NXTfusion.NXDatasetUtils module

class NXTfusion.NXDatasetUtils.MetaDataset(datasetList, domain1, domain2, name, ignore_index, side1=None, side2=None)[source]

Bases: Generic[torch.utils.data.dataset.T_co]

Class that represents the MetaRelations in the NNwrapper internal Dataset-based version of the ERgraph used for allowing a fast and consistent multi-task mini batching. Each MetaDataset can contain many SubDatasets, and when asked it provides a minibatch sampling from all of them in parallel.

__init__(datasetList, domain1, domain2, name, ignore_index, side1=None, side2=None)[source]

Constructor method for the MetaDataset class. It puts in a pytorch-friendly structure the data corresponding to a target MetaRelation, by storing several SubDataset (each corresponding to a Relation/DataMatrix/matrix).

Parameters
  • datasetList (list of SubDatasets) – List of Subdatasets. Each SubDataset corresponds to a Relation. The MetaDataset thus corresponds to a MetaRelation.

  • domain1 (NX.Entity) – First entity involved in this MetaRelation (all the Relations in it are between the same entities)

  • domain2 (NX.Entity) – Second entity involved in this list of relations (MetaRelation).

  • name (str) – Name of the corresponding MetaRelation

  • ignore_index (int) – Value corresponding to missing values. Used to allow fast runs on GPUs and minibatching even with different percentages of missing values among the Relations/SubDatasets in the same MetaRelation/MetaDataset.

countBalance()[source]
countInstances()[source]
getEstBatchSizeForXsamples(targetDomain1, samplesPerBatch)[source]
getEstBatchSizeForXsamples2(numSamples)[source]
getEstSize()[source]
getTypes()[source]
mergeDataSimple(v, idx)[source]
class NXTfusion.NXDatasetUtils.PredictionDataset(x, label=True)[source]

Bases: Generic[torch.utils.data.dataset.T_co]

class NXTfusion.NXDatasetUtils.SideDataset(side)[source]

Bases: Generic[torch.utils.data.dataset.T_co]

class NXTfusion.NXDatasetUtils.SubDataset(xht, typep='binary')[source]

Bases: Generic[torch.utils.data.dataset.T_co]

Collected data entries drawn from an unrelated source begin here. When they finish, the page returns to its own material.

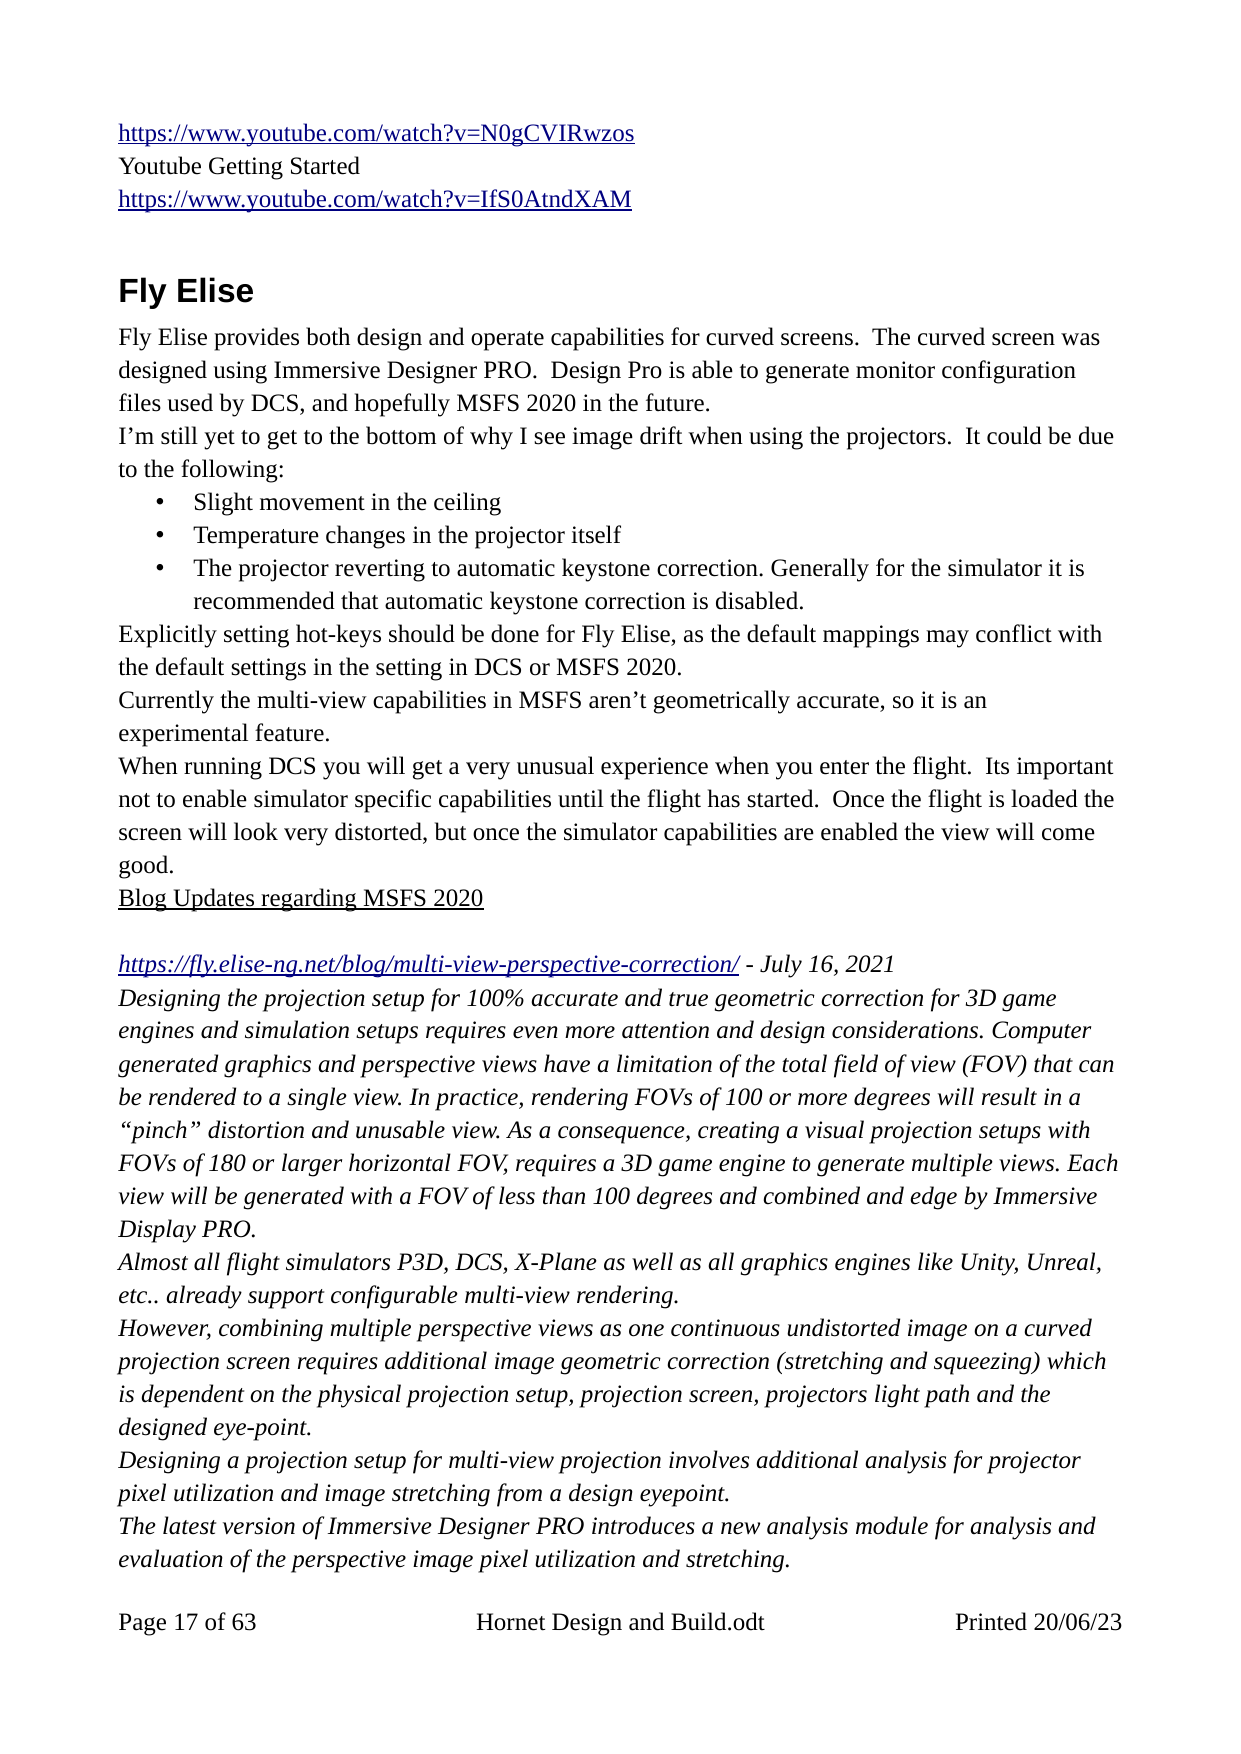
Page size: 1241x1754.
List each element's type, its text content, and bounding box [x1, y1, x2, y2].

text However, combining multiple perspective views as one continuous undistorted image on a curved projection screen requires additional image geometric correction (stretching and squeezing) which is dependent on the physical projection setup, projection screen, projectors light path and the designed eye-point. [118, 1313, 1122, 1441]
text When running DCS you will get a very unusual experience when you enter the flight. Its important not to enable simulator specific capabilities until the flight has started. Once the flight is loaded the screen will look very distorted, but once the simulator capabilities are enabled the view will come good. [118, 751, 1122, 879]
text Youtube Getting Started [118, 151, 1122, 180]
text Almost all flight simulators P3D, DCS, X-Plane as well as all graphics engines like Unity, Unreal, etc.. already support configurable multi-view rendering. [118, 1247, 1122, 1308]
text Explicitly setting hot-keys should be done for Fly Elise, as the default mappings may conflict with the default settings in the setting in DCS or MSFS 2020. [118, 619, 1122, 681]
list The projector reverting to automatic keystone correction. Generally for the simulator it is recommended that automatic keystone correction is disabled. [156, 553, 1122, 615]
text Currently the multi-view capabilities in MSFS aren’t geometrically accurate, so it is an experimental feature. [118, 685, 1122, 747]
text The latest version of Immersive Designer PRO introduces a new analysis module for analysis and evaluation of the perspective image pixel utilization and stretching. [118, 1511, 1122, 1573]
text Fly Elise provides both design and operate capabilities for curved screens. The curved screen was designed using Immersive Designer PRO. Design Pro is able to generate monitor configuration files used by DCS, and hopefully MSFS 2020 in the future. [118, 322, 1122, 417]
text https://www.youtube.com/watch?v=N0gCVIRwzos [118, 118, 1122, 147]
text I’m still yet to get to the bottom of why I see image drift when using the projectors. It could be due to the following: [118, 421, 1122, 483]
text Blog Updates regarding MSFS 2020 [118, 883, 1122, 912]
text Designing a projection setup for multi-view projection involves additional analysis for projector pixel utilization and image stretching from a design eyepoint. [118, 1445, 1122, 1507]
text https://www.youtube.com/watch?v=IfS0AtndXAM [118, 184, 1122, 213]
text https://fly.elise-ng.net/blog/multi-view-perspective-correction/ - July 16, 2021 [118, 949, 1122, 978]
text Designing the projection setup for 100% accurate and true geometric correction for 3D game engines and simulation setups requires even more attention and design considerations. Computer generated graphics and perspective views have a limitation of the total field of view (FOV) that can be rendered to a single view. In practice, rendering FOVs of 100 or more degrees will result in a “pinch” distortion and unusable view. As a consequence, creating a visual projection setups with FOVs of 180 or larger horizontal FOV, requires a 3D game engine to generate multiple views. Each view will be generated with a FOV of less than 100 degrees and combined and edge by Immersive Display PRO. [118, 983, 1122, 1242]
list Slight movement in the ceiling [156, 487, 1122, 516]
list Temperature changes in the projector itself [156, 520, 1122, 549]
subtitle Fly Elise [118, 271, 1122, 310]

Within the NNwrapper, during training, batches need to be rapidly provided for all the MetaRelations in the ERgraph and for each Relation in every MetaRelation. To do so, the NNwrapper.processDatasets function builds an internal Dataset structure that mimicks the structure of the input ERgraph. In this case, MetaDataset correspond to MetaRelation, and each Relation in a MetaRelation is represendet by a SubDataset in the corresponding MetaDataset.

Nevertheless, this is internal and it is transparent to the user. :meta private:

__init__(xht, typep='binary')[source]

Constructor method for the SubDataset class. It puts in a pytorch-friendly structure the matrix corresponding to a target Relation, by transforming its DataMatrix into a pytorch Dataset.

Parameters
  • xht (dict) – Dict used to represent the matrix/relation data within a DataMatrix object

  • type (str) – String specifying the type of the prediction. It must be “regression” or “binary”.

countBalance()[source]
countInstances()[source]
dump(name)[source]
static load(name)[source]